EXERCISE
Repeat the lines from the line with "Horizontal FOV: 75.4°." to the line with "5. chair at [418, 298, 473, 383]" in the listing below, keeping both end lines and adding nothing.

AVAILABLE DATA
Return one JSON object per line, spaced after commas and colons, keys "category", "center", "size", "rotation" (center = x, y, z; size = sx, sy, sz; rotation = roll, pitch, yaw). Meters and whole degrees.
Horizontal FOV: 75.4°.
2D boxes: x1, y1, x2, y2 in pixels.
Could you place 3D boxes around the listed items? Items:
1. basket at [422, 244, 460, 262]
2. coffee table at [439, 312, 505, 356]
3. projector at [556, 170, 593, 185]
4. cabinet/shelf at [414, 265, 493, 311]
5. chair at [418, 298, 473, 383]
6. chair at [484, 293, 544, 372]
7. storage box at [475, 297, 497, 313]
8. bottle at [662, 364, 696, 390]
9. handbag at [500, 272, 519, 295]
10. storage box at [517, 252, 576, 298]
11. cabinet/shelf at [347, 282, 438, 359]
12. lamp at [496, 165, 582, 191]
...
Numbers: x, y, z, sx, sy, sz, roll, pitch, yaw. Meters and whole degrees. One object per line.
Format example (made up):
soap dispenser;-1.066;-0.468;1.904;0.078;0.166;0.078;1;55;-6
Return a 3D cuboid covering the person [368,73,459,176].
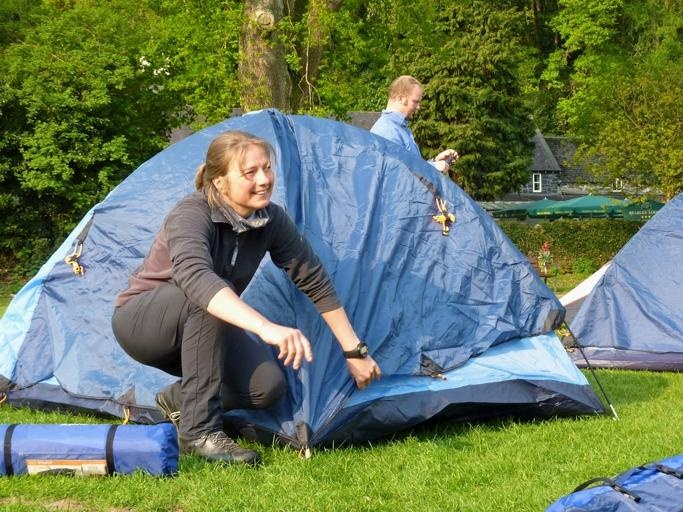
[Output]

EXERCISE OUTPUT
Horizontal FOV: 75.4°.
2D boxes: x1, y1, x2, y2 in pixels.
Could you place 3D boxes around the listed items? Items:
1. basket at [422, 244, 460, 262]
2. coffee table at [439, 312, 505, 356]
3. projector at [556, 170, 593, 185]
4. cabinet/shelf at [414, 265, 493, 311]
5. chair at [418, 298, 473, 383]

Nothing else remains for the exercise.